La Fortune des Winczlav
La Fortune des Winczlav est une série de BD écrite par Jean Van Hamme qui explore les origines de la famille de Largo Winch, le célèbre personnage de fiction dont on tira même deux films et une série télévisée à succès.
Le premier tome de la BD, publié en 2021, met en scène Vanko Winczlav, un Serbe du Monténégro, qui part chercher fortune en Amérique durant la ruée vers l’or de 1849.
Le récit, historiquement réaliste, illustre les défis et les péripéties d’un immigrant tentant de survivre et de prospérer dans un nouvel environnement impitoyable. Avec, là encore, la mise en avant des conséquences de la ruée vers l’or sur les individus et les familles.

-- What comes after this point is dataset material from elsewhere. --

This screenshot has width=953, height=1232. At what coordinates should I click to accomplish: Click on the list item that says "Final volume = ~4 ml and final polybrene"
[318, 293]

Le Klondike de Zach Worton
Publié en 2012, cette bande dessinée colossale (plus de 300 pages) est un roman graphique se présentant plutôt comme un documentaire historique qui explore en détail la ruée vers l’or du Klondike, dépeignant les événements et les figures historiques de cette époque avec une rigueur factuelle.

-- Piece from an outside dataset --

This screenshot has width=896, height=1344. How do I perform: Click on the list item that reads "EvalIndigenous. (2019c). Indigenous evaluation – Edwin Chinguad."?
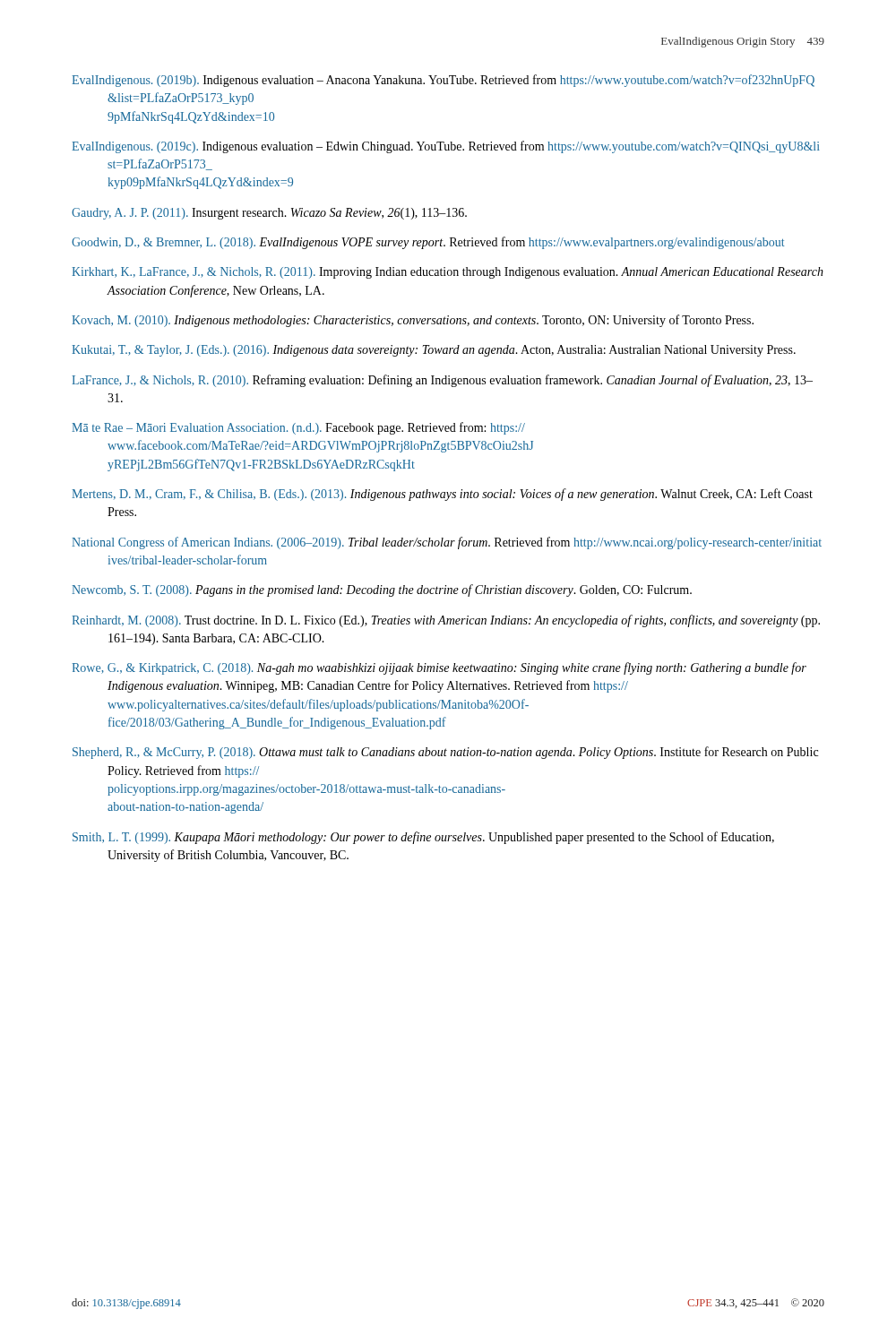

Malgré un style que certains pourraient trouver enfantin, Zack Worton traite le sujet avec sérieux. Il combine des récits narratifs avec des illustrations détaillées, offrant une représentation immersive de la vie et des défis auxquels étaient confrontés les chercheurs d’or.
Ce roman graphique se distingue par sa précision historique et son approche documentaire, rendant hommage à cette période fascinante de l’histoire tout en évoquant des figures marquantes de l’époque. On redécouvre ainsi « Soapy Smith », escroc charismatique, qui a manipulé les chercheurs d’or avec une habileté redoutable, Georges Carmack et Robert Henderson, prospecteurs ingénieux et audacieux qui ont joué un rôle crucial dans la ruée vers l’or en découvrant des gisements prometteurs, sans oublier Belinda Mulrooney, l’une des rares femmes à s’imposer et à faire fortune pendant une ruée vers l’or.
Finalement, un peu comme avec le cinéma, les ruées vers l’or ont profondément marqué la bande dessinée en servant de toile de fond à une variété de récits à travers les décennies. Des premiers dessins humoristiques aux romans, les bandes dessinées ont utilisé les ruées vers l’or pour explorer des thèmes de bravoure, de cupidité, d’aventure et de désespoir, enrichissant le genre avec des histoires riches en émotion et en action.
Aujourd’hui, la bande dessinée contemporaine se veut plus adulte, moins divertissante, à l’image de notre époque, et elle explore davantage les aspects sombres de cette thématique, comme pour rappeler certaines leçons intemporelles sur l’ambition, la survie et les conséquences de la quête de richesse.